(What to produce):
From the entries below, pull out each line where "Step" appears.

Items listed in a dataset:
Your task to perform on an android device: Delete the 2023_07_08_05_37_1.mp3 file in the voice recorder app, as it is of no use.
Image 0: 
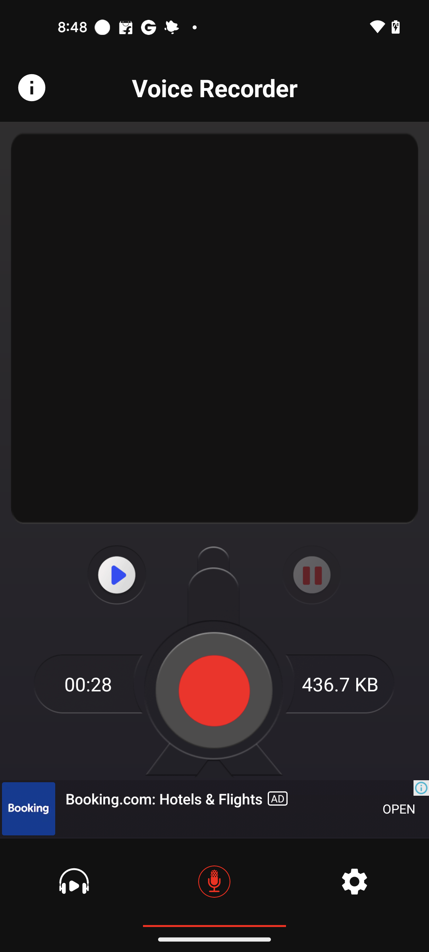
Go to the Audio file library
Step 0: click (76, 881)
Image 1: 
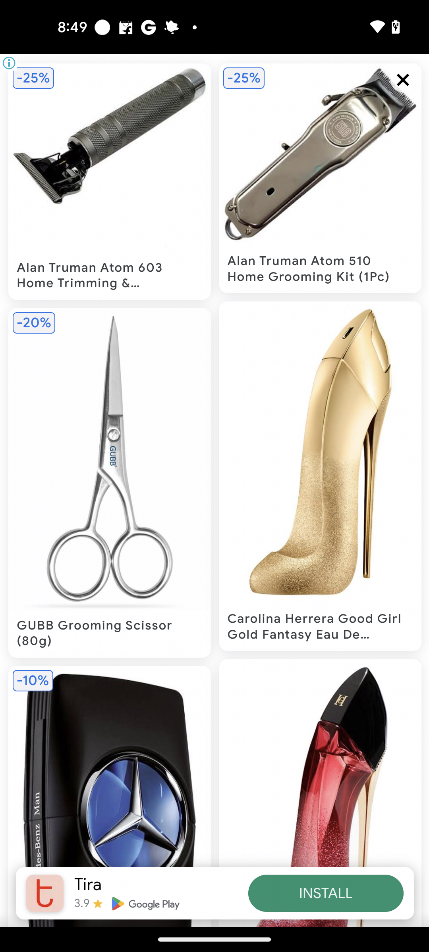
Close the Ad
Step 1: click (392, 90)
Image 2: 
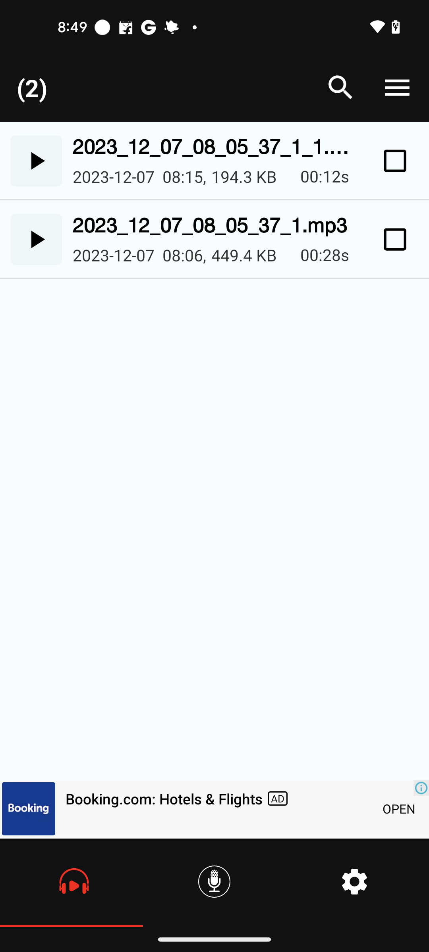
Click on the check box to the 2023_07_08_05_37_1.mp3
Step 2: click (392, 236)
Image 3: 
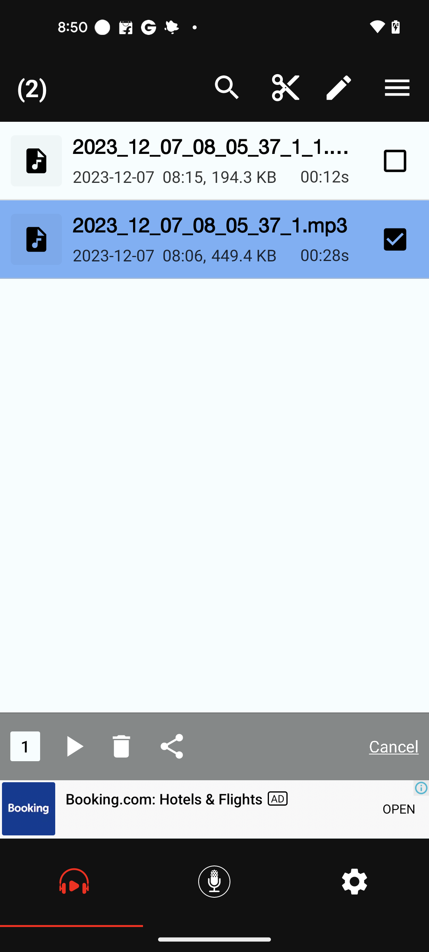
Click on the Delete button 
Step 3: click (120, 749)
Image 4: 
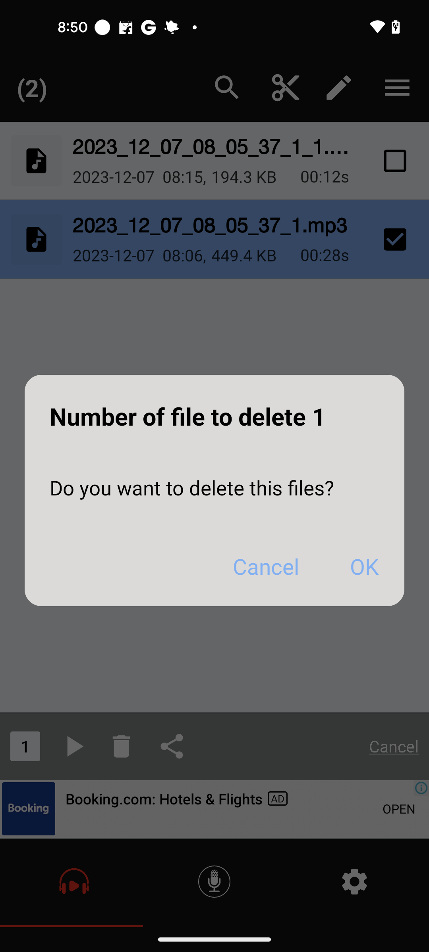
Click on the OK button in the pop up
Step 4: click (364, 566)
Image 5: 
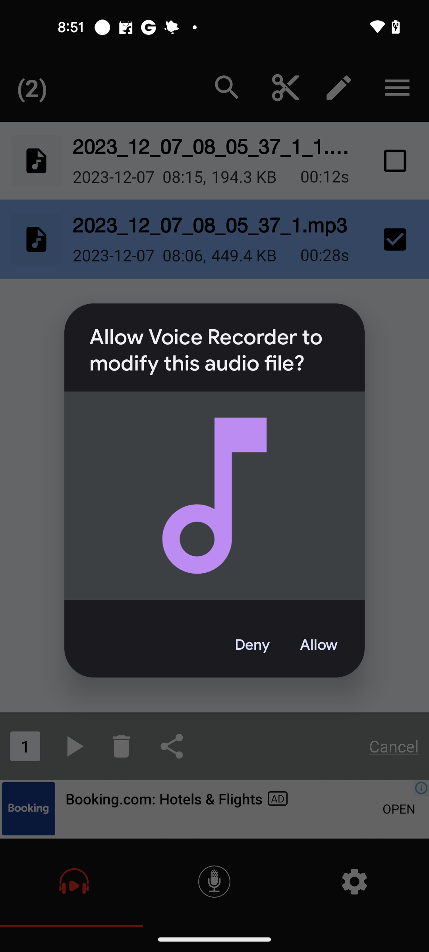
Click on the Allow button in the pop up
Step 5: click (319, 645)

--

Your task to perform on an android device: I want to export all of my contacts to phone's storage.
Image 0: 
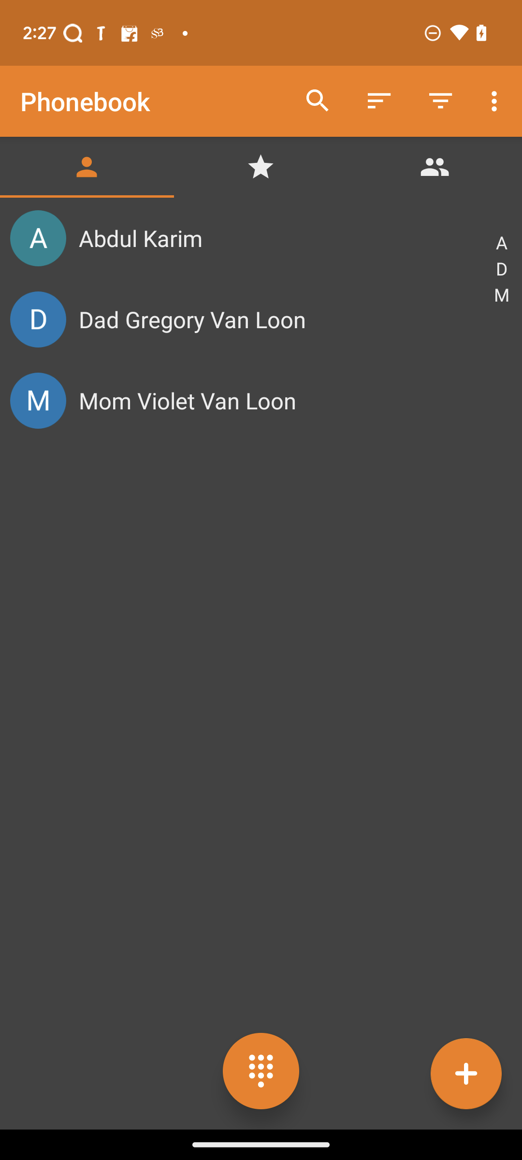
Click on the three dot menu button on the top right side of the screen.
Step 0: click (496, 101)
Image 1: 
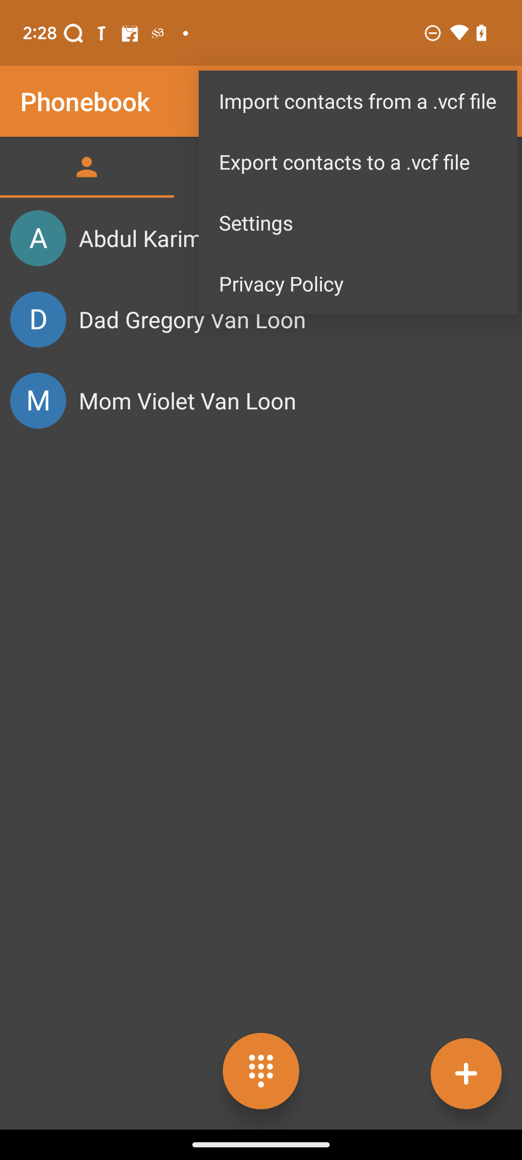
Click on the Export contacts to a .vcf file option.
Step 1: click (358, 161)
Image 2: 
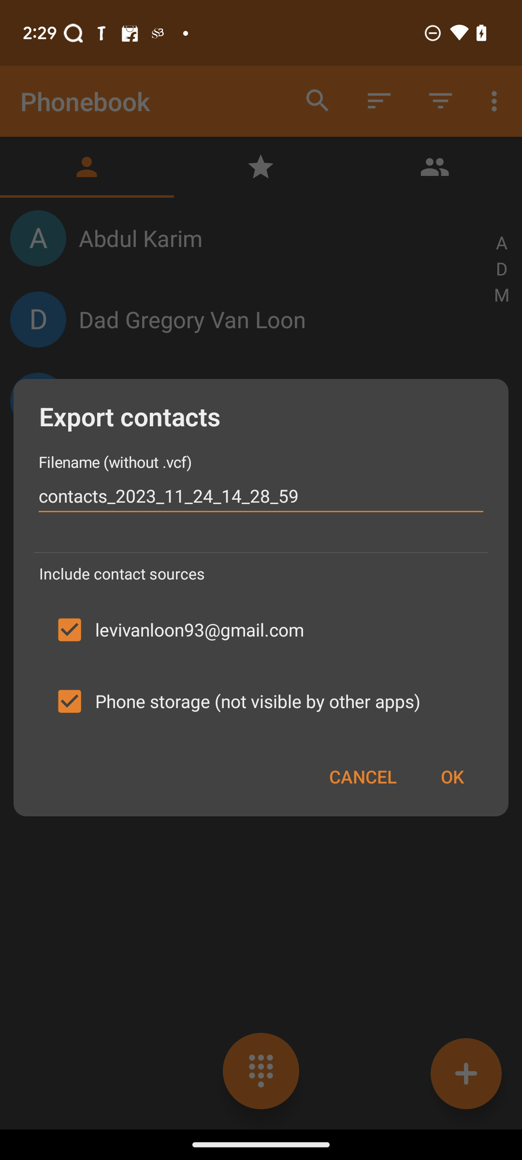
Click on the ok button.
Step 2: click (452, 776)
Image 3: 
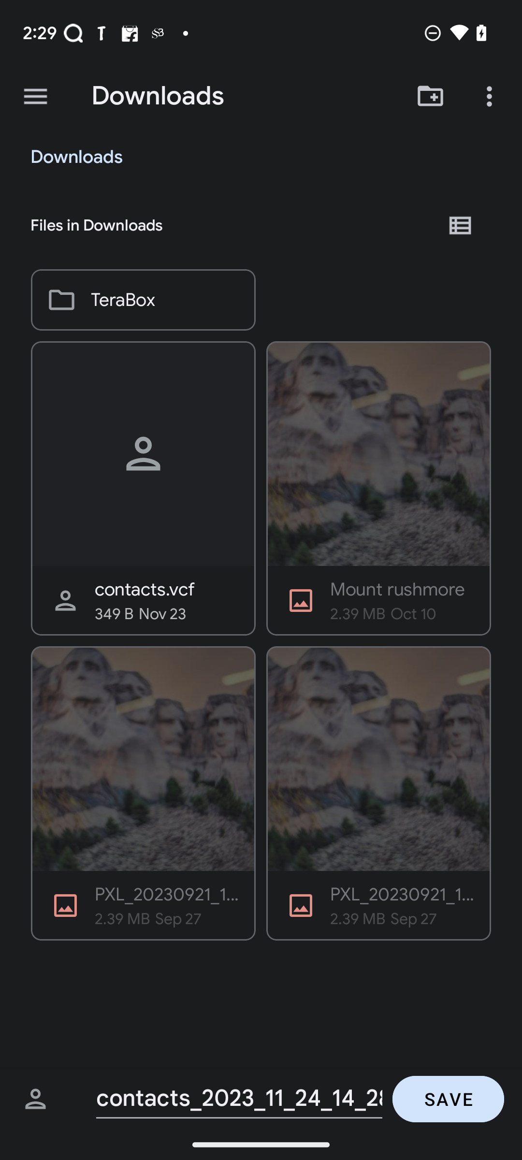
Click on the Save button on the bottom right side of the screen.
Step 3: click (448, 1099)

==

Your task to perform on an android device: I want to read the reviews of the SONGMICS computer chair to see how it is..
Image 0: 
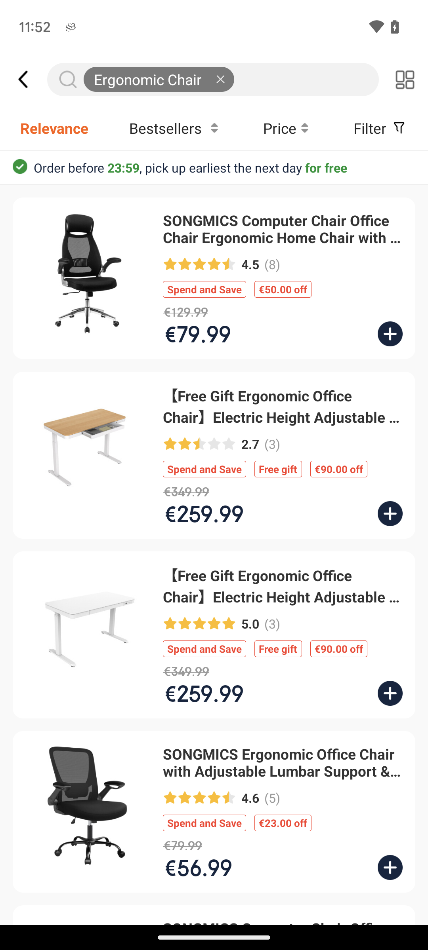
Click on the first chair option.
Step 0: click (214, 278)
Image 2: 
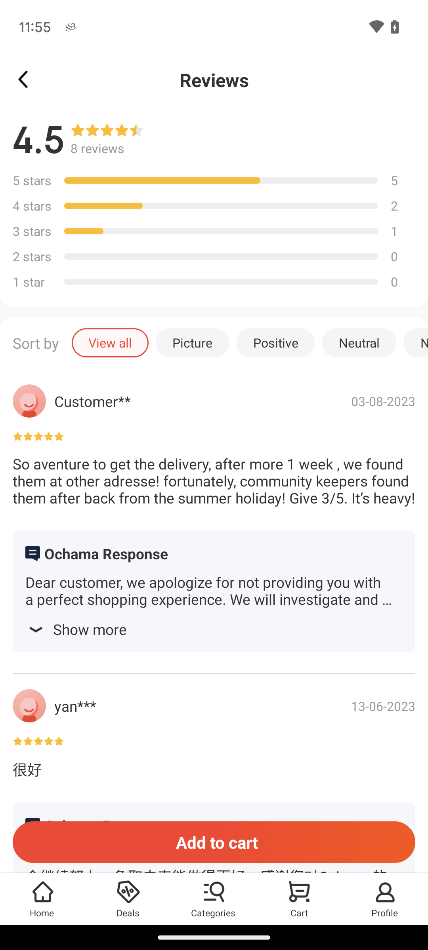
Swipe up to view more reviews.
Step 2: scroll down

(Answer below):
Step 0: click (76, 881)
Step 1: click (392, 90)
Step 2: click (392, 236)
Step 3: click (120, 749)
Step 4: click (364, 566)
Step 5: click (319, 645)
Step 0: click (496, 101)
Step 1: click (358, 161)
Step 2: click (452, 776)
Step 3: click (448, 1099)
Step 0: click (214, 278)
Step 2: scroll down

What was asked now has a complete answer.